Comment by waerhert
4 days ago
I see, this sheds some new light on your initial concerns. I'm aware an attacker can keep pretending to be inside an environment once they've seen it. I wasn't accounting for a scenario where an attacker has a huge database for queries like coords -> list of wifi networks. I was under the assumption services like Wigle only provided the reverse lookup (wifi -> coords). Indeed an attacker could potentially reverse the LSH tags if it hashed the wifi environment within very small geofences. It's bit of a needle & haystack problem but not an impossible one with enough resources. I wouldn't say it's a perfect system and I don't mind it falling apart under scrutiny, I just found it an interesting idea so I really appreciate you thinking along here.
Edit: Maybe some preshared group hash (kinda beats the point), or combining multiple modalities (eg bluetooth, shared interests) or some kind of proof of work token could help mitigate some of these issues. I guess anything to reduce the time to attack helps in this case? Or anything that really pins down environment + time, like what smath described in his comment. In essence, the core idea of minhash + lsh works and it doesn't limit you to just wifi networks. The key is being able to grab a fingerprint that is unique enough and different enough each epoch. Wifi networks are just easy enough to grab vs something more low level like an APs beacon timing interval jitter or something.

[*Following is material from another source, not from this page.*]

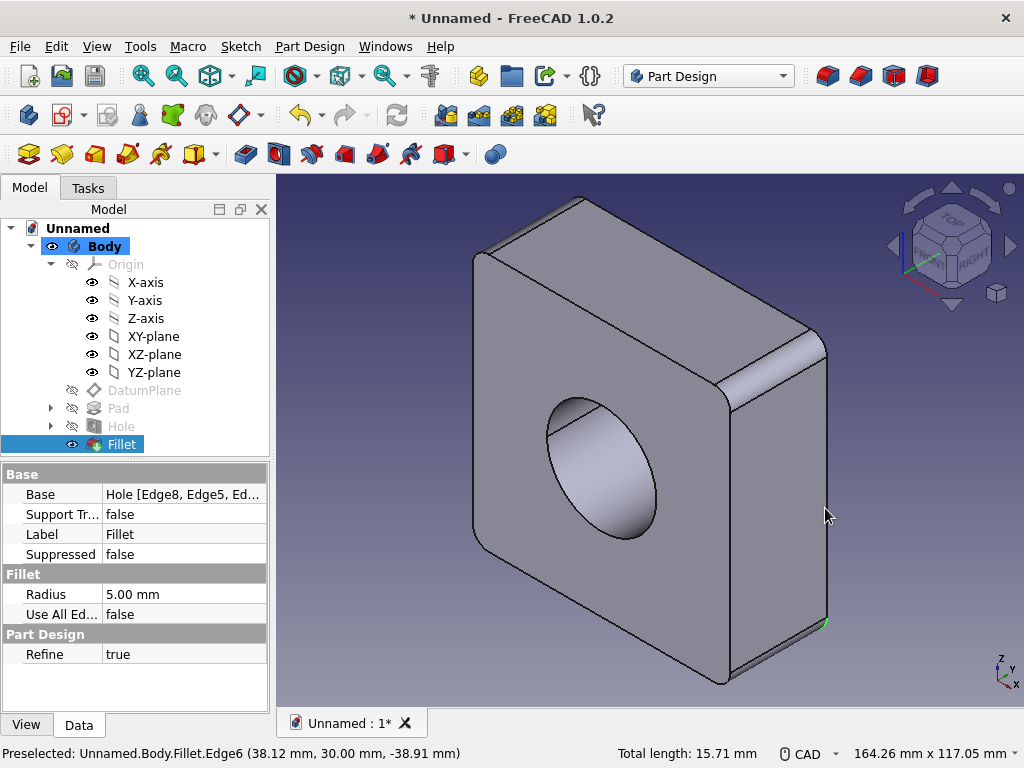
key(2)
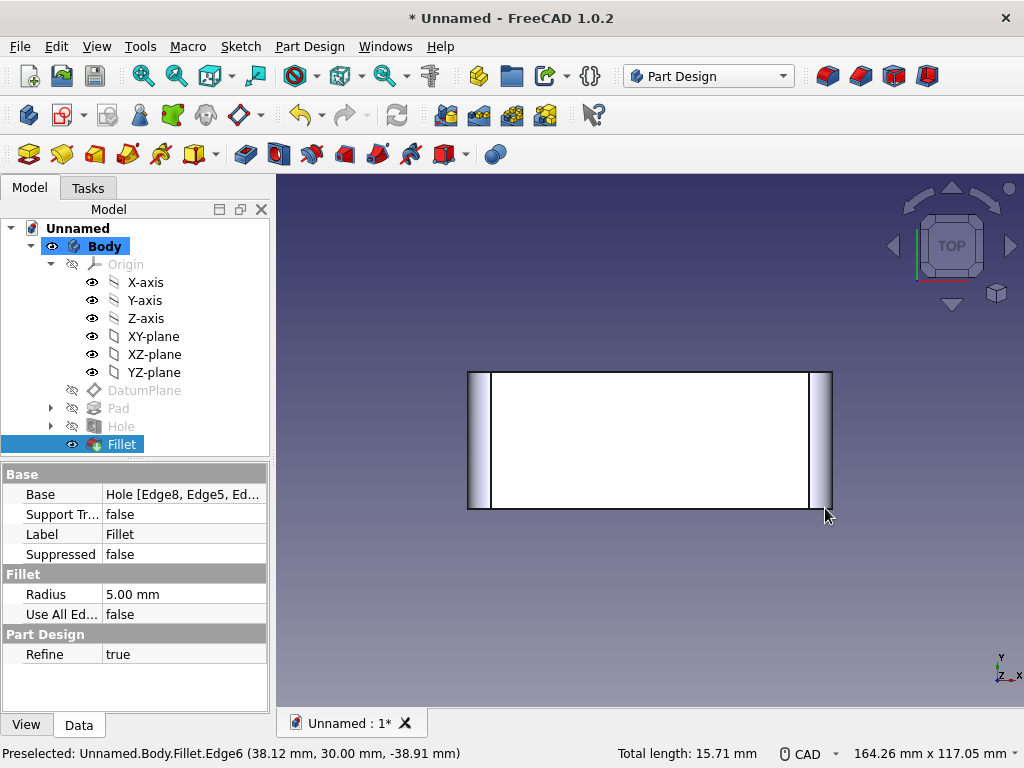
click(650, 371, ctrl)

> I see, this sheds some new light on your initial concerns. I'm aware an attacker can keep pretending to be inside an environment once they've seen it. I wasn't accounting for a scenario where an attacker has a huge database for queries like coords -> list of wifi networks
I think this is the issue, is these datasets are out there and at least big tech companies have them since they're used to assist with GPS. I was about to post the same thing as above but saw vessenes beat me to it.
Without thinking about it too hard, the two directions I see are either making observations of the environment in real-time that is only relevant at that time (IE sniffing actual wireless frames, even if they're encrypted and making observations on them, however, most devices won't let you go into promiscuous mode and do this) or encrypting the messages in flight so only participants can decrypt them (IE a model like the signal protocol with E2E message encryption).
Anyways, this is a cool approach, but that risk occurred to me as well about the ability to just brute force the entire dataset to decode every location.